As for next year, besides routinely combing my hair, I would also like to:

  • create a family tree for my mother’s side. My dad has this great tree framed and I’d like to recreate it, if possible, by the end of next year. With the help of my family, of course.

  • learn how to sew. I snagged my grandma’s sewing machine out of my sister’s loving hands and would like her to know it wasn’t all for naught. Hopefully I’ll be able to make something better than a trapezoid baby blanket.
  • buy 75% of my clothes at goodwill. The other 25% will probably be from Eddie Bauer. Ryan is aware that I run around behind his back with Ed, and fully approves. We have an open relationship.
  • make an effort to get ready in the morning. See above: combing hair. This also includes breakfast. Yes, we skip occasionally.
  • create a weekly meal plan. R and I talked, we’re going to go simple with our meals, with maybe one fancy dinner every now and then. I don’t know why I feel guilty if it isn’t a Cheesecake Factory knockoff with a bajillion ingredients, so I need to get over this. Soups, tuna patties, meatloaf.. These are all good. And easy. And cheap.

My Aunt S and I starting the ancestral process. Remember those long sheets of printer paper? I’d love to make a Happy Birthday sign from it again.

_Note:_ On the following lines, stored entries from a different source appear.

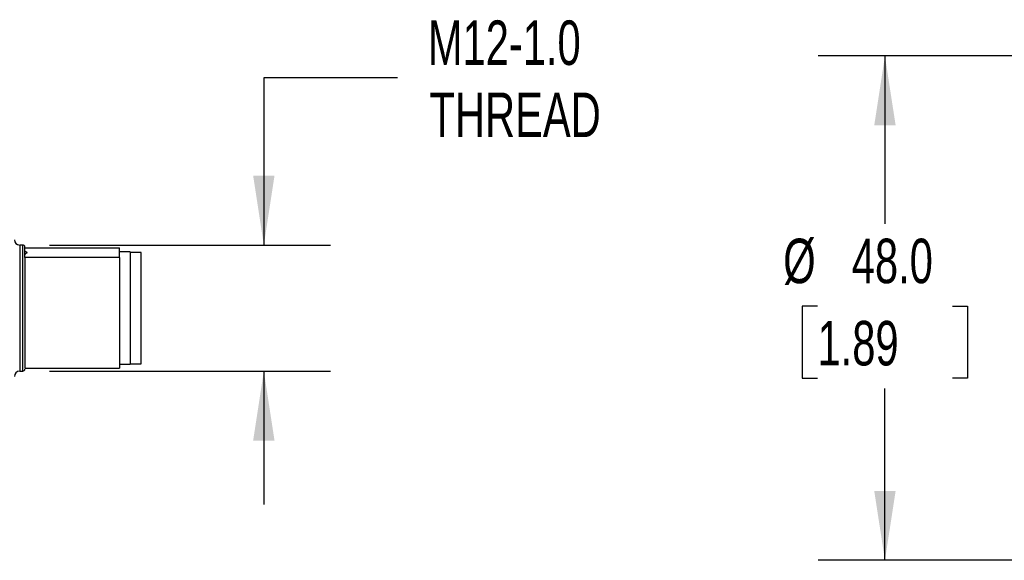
# Model space of a CAD drawing. Header units: millimetres. Extents: x 13 to 546, y 13 to 419.
# Tile 7 of 19: x 132 to 226, y 141 to 192. Entities that reach past the tile are written whole.
import ezdxf

# ---------------------------------------------------------------- set-up
doc = ezdxf.new("R2010")
doc.units = ezdxf.units.MM
doc.header["$LTSCALE"] = 2
doc.linetypes.add('SLD-Solid', pattern=[0])
doc.layers.add('DIMENSIONS', color=140, linetype='SLD-Solid', lineweight=25)
doc.styles.add('SLDTEXTSTYLE0', font='TXT', dxfattribs={"width": 0.7})
doc.dimstyles.new('SLDDIMSTYLE0', dxfattribs={"dimtxt": 4.316016, "dimasz": 6.604, "dimexe": 0, "dimexo": 0.0625, "dimgap": 1.079004, "dimtad": 0, "dimtih": 1, "dimtoh": 1, "dimrnd": 1e-09, "dimzin": 4, "dimdsep": 46, "dimtxsty": 'SLDTEXTSTYLE0', "dimsah": 1, "dimcen": 0.09, "dimadec": 0, "dimazin": 1, "dimtfac": 1, "dimtofl": 0, "dimtmove": 0, "dimatfit": 3, "dimfxl": 0, "dimfrac": 2, "dimtolj": 1, "dimtzin": 12, "dimarcsym": 0})
doc.dimstyles.new('SLDDIMSTYLE2', dxfattribs={"dimtxt": 4.316016, "dimasz": 6.604, "dimexe": 0, "dimexo": 0.0625, "dimgap": 1.079004, "dimtad": 0, "dimtih": 1, "dimtoh": 1, "dimrnd": 1e-09, "dimzin": 12, "dimdsep": 46, "dimtxsty": 'SLDTEXTSTYLE0', "dimsah": 1, "dimcen": 0.09, "dimadec": 0, "dimazin": 3, "dimtfac": 1, "dimtmove": 0, "dimatfit": 0, "dimfxl": 0, "dimfrac": 2, "dimtolj": 1, "dimtzin": 12, "dimarcsym": 0})

# ---------------------------------------------------------------- blocks, each defined once
blk = doc.blocks.new('_D_2')
at = {"layer": 'DIMENSIONS'}
for p, q in [((168.407, 186.869), (155.707, 186.869)), ((155.707, 186.869), (155.707, 170.958)), ((135.329, 170.958), (162.057, 170.958)), ((135.329, 158.958), (162.057, 158.958)), ((155.707, 158.958), (155.707, 146.258))]:
    blk.add_line(p, q, dxfattribs=at)
for points in [[(155.707, 170.958), (156.723, 177.562), (154.691, 177.562)], [(155.707, 158.958), (154.691, 152.354), (156.723, 152.354)]]:
    blk.add_solid(points, dxfattribs=at)
at = {"layer": 'DIMENSIONS', "char_height": 4.2333, "attachment_point": 1, "style": 'SLDTEXTSTYLE0'}
for s, insert in [('M12-1.0', (171.304, 192.326)), ('THREAD', (171.461, 185.466))]:
    blk.add_mtext(s, dxfattribs=dict(at, insert=insert))
blk = doc.blocks.new('_D_6')
at = {"layer": 'DIMENSIONS'}
for p, q in [((229.035, 188.958), (208.424, 188.958)), ((214.774, 188.958), (214.774, 172.964)), ((208.362, 165.138), (206.912, 165.138)), ((206.912, 165.138), (206.912, 158.279)), ((221.187, 165.138), (222.636, 165.138)), ((222.636, 165.138), (222.636, 158.279)), ((206.912, 158.279), (208.362, 158.279)), ((222.636, 158.279), (221.187, 158.279)), ((214.774, 140.958), (214.774, 157.313)), ((229.035, 140.958), (208.424, 140.958))]:
    blk.add_line(p, q, dxfattribs=at)
for points in [[(214.774, 188.958), (213.758, 182.354), (215.79, 182.354)], [(214.774, 140.958), (215.79, 147.562), (213.758, 147.562)]]:
    blk.add_solid(points, dxfattribs=at)
at = {"layer": 'DIMENSIONS', "char_height": 4.2333, "attachment_point": 1, "style": 'SLDTEXTSTYLE0'}
for s, insert in [('%%c', (205.103, 171.562)), ('48.0', (211.62, 171.562)), ('1.89', (208.362, 163.736))]:
    blk.add_mtext(s, dxfattribs=dict(at, insert=insert))

msp = doc.modelspace()

# ---------------------------------------------------------------- linework, layer by layer
for p, q in [((132.789, 170.958), (132.489, 170.958)), ((132.489, 170.958), (132.489, 158.958)), ((132.789, 158.958), (132.789, 170.958)), ((132.989, 170.69), (141.989, 170.69)), ((141.989, 170.231), (141.989, 170.69)), ((132.989, 169.771), (132.989, 169.852)), ((132.989, 169.771), (132.989, 159.226)), ((141.989, 169.771), (132.989, 169.771)), ((142.989, 170.308), (141.989, 170.308)), ((141.989, 169.771), (141.989, 170.231)), ((141.989, 169.771), (141.989, 159.226)), ((142.989, 170.308), (142.989, 159.608)), ((144.039, 170.258), (142.989, 170.258)), ((144.039, 159.658), (144.039, 170.258)), ((132.989, 159.226), (141.989, 159.226)), ((141.989, 159.608), (142.989, 159.608)), ((142.989, 159.658), (144.039, 159.658)), ((132.489, 158.958), (132.789, 158.958))]:
    msp.add_line(p, q)
for centre, radius, start, end in [((132.489, 171.458), 0.5, 180, 270), ((132.789, 170.758), 0.2, 0, 90), ((132.489, 158.458), 0.5, 90, 180), ((132.789, 159.158), 0.2, 270, 0)]:
    msp.add_arc(centre, radius, start, end)
for points, knots in [([(132.989, 169.852), (132.989, 169.872), (132.989, 170.091), (132.989, 170.422), (132.989, 170.71), (132.989, 170.738), (132.989, 170.751)], [0, 0, 0, 0, 0.0345524, 0.3767446, 0.6995981, 1, 1, 1, 1]), ([(132.989, 169.981), (132.989, 170.023), (133.019, 170.065), (133.095, 170.148), (133.142, 170.189), (133.189, 170.231)], [0, 0, 0, 0, 0.5, 0.5, 1, 1, 1, 1]), ([(133.189, 170.231), (133.188, 170.231), (133.153, 170.262), (133.091, 170.314), (133.051, 170.365), (133.035, 170.386)], [0, 0, 0, 0, 0.015715, 0.59473, 1, 1, 1, 1])]:
    msp.add_open_spline(points, degree=3, knots=knots)

# ---------------------------------------------------------------- dimensions: what is measured, and where the dimension line sits
at = {"layer": 'DIMENSIONS'}
for base, p1, p2, text, dimstyle, picture, middle in [((155.707, 170.958), (132.789, 158.958), (132.789, 170.958), 'M12-1.0\\PTHREAD', 'SLDDIMSTYLE2', '_D_2', (155.707, 186.869)), ((214.774, 140.958), (231.575, 188.958), (231.575, 140.958), '%%c<>', 'SLDDIMSTYLE0', '_D_6', (214.774, 165.138))]:
    dim = msp.add_linear_dim(base=base, p1=p1, p2=p2, angle=90, text=text, dimstyle=dimstyle, dxfattribs=at)
    dim.commit()
    dim.dimension.update_dxf_attribs({"geometry": picture, "text_midpoint": middle, "dimtype": 160})

doc.saveas('drawing.dxf')

  • make sourdough bread. The thought of reducing ingredients in staples (ie: bread) makes me happy, like in this instance: store-bought yeast. I can do this, despite my anxiety.
  • run a half-marathon. October. I can do this. I’ll probably have to wear a hat with a piece of chocolate cake dangling in front of me, but I can do this.

Ruthie is intrigued. I hope she’s as obsessed with the past as I am. I’ll give you five seconds to try and find my parent’s newspaper stash. Go.

  • Pay off our car loan and some (if not all) of my school loans. We have paid off R’s undergrad and graduate loans, along with one car loan in the last few years. Selling our house, then living in a dorm room and now a shack has helped. We literally smell how close we are to having zero debt.  I remember Dave Ramsey calling those school loans “pets” that we pay on a little each month. It’s like we just assume it will be a monthly expense. R and I are working hard to eradicate that cloud over us.
  • lose this baby weight! I gained a whopping 55 lbs and have only lost 30 so far. 10 of those went straight into Ruthie’s thigh rolls which I love. But the ones still on me… not so much.

…starting the branches…

  • And lastly, I would like to grow more in my spirituality and give God the thanks He deserves. I sometimes congratulate only myself on accomplishments or achievements made. He is the rock that has helped me and He is who I need to give the glory to. Upon waking in the morning, I should open my eyes and immediately thank Him for another day in which I can become redeemed.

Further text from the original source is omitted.